Tutti hanno il diritto di cambiare idea, Joe Biden compreso. Le elezioni americane si avvicinano e il presidente in carica sembra non essere più convinto di rinnovare la propria candidatura, almeno secondo alcune indiscrezioni del New York Times, smentite però quasi subito dalla Casa Bianca. Ma se non lui, allora chi? Questa la domanda che attanaglia non solo l’informazione, ma anche e soprattutto gli elettori americani, almeno quelli democratici, che ancora non sanno quale sarà il nome da indicare sulla scheda elettorale martedì 5 novembre 2024.
Michelle Obama ha detto no – I sondaggi parlano chiaro: l’unica candidata in grado di battere il repubblicano Donald Trump sarebbe la ex first lady Michelle Obama. Secondo uno studio realizzato da Reuters/Ipsos Obama batterebbe il Tycoon aggiudicandosi il 50% dei voti, lasciando il repubblicano al 39%. Avvocata, attivista e scrittrice, l’ex first lady è rimasta sulla scena anche dopo la conclusione del mandato del marito Barack Obama, ma non si è mai mostrata interessata a prendere parte alla corsa presidenziale. «No, no, non lo farò», queste le sue parole nel 2017, quando era stata interpellata dalla stampa alla fine del secondo mandato del marito. La sua posizione, oggi, non sembra essere cambiata di molto.
L’alternativa reale: Kamala Harris – Sono lontani i tempi in cui Drew Barrymore nel suo talk show esortava la vicepresidente a diventare la «Momala» degli Stati Uniti. Sembra infatti che solo sulla carta Harris potrebbe rappresentare un’alternativa valida alla ricandidatura dell’attuale presidente: è donna, è nera e avrebbe dalla sua almeno una buona parte dei democratici appartenenti a queste minoranze. Tuttavia, pur essendo di fatto l’unica sostituta possibile di Biden, in questi anni da prima donna vicepresidente degli Stati Uniti il consenso a suo favore non è cresciuto, anzi. Secondo il Wall Street Journal la cerchia di Biden sta indicando Kamala Harris come erede diretta solo per spaventare gli elettori moderati, costringendo lo stato maggiore a rinominare il vecchio leader alla convenzione che si terrà il prossimo agosto a Chicago. Troppo progressista, dunque, per i democratici più centristi, ma non abbastanza per i riformisti. Durante il suo mandato da vicepresidente, infatti, non ha convinto nemmeno l’amministrazione presidenziale di cui fa parte.
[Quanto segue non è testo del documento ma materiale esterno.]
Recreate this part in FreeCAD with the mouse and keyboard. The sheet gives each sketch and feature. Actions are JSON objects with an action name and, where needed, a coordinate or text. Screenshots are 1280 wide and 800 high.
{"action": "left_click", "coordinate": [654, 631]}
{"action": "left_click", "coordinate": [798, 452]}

Nei primi anni di mandato, poi, Biden ha affidato a Harris alcuni incarichi complicati, per esempio la gestione della crisi migratoria al confine, un tema su cui Trump e i repubblicani sono particolarmente agguerriti. Per di più, nel suo primo anno da vicepresidente Harris ha anche rilasciato alcune interviste deboli e incerte, che hanno contribuito a creare un’immagine di vicepresidente inadeguata. Tutti fatti di cui ora potrebbe pagare le conseguenze.
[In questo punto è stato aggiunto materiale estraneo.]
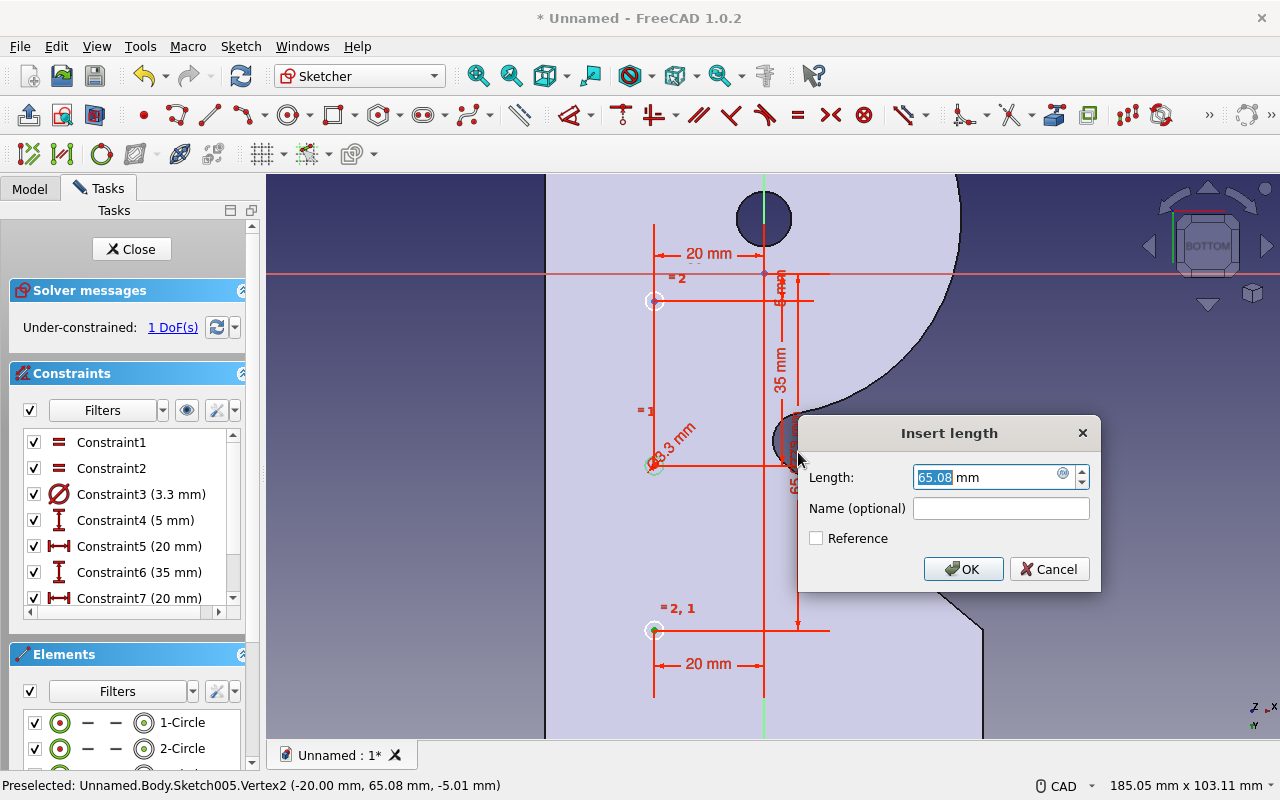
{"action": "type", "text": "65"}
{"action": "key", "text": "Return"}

Cosa dicono i governatori – Nella giornata di mercoledì 3 luglio Biden ha deciso di parlare con Kamala Harris e con molti influenti governatori democratici, dopo che alcuni di loro hanno palesato i propri dubbi sulla sua candidatura. Una fra tutti, Nancy Pelosi, ex speaker della Camera, ha dichiarato «legittimo» chiedersi se le condizioni del presidente viste al dibattito fossero «un episodio o la normalità». Dopo l’incontro di mercoledì, tre dei 24 governatori presenti (quelli dello stato di New York, del Maryland e del Minnesota) hanno parlato con i giornalisti per prendere pubblicamente posizione a favore di Biden, spiegando di aver avuto con lui una discussione onesta sul fatto che il dibattito contro Trump fosse andato molto male. Wes Moore, governatore del Maryland, ha detto: «Il presidente ci ha sempre protetto, ora noi faremo lo stesso con lui».
Condizione imprescindibile per lasciare spazio a un nuovo candidato, comunque, è una sola: che Joe Biden decida di farsi da parte. Senza il suo consenso, la nomina non potrà essergli negata.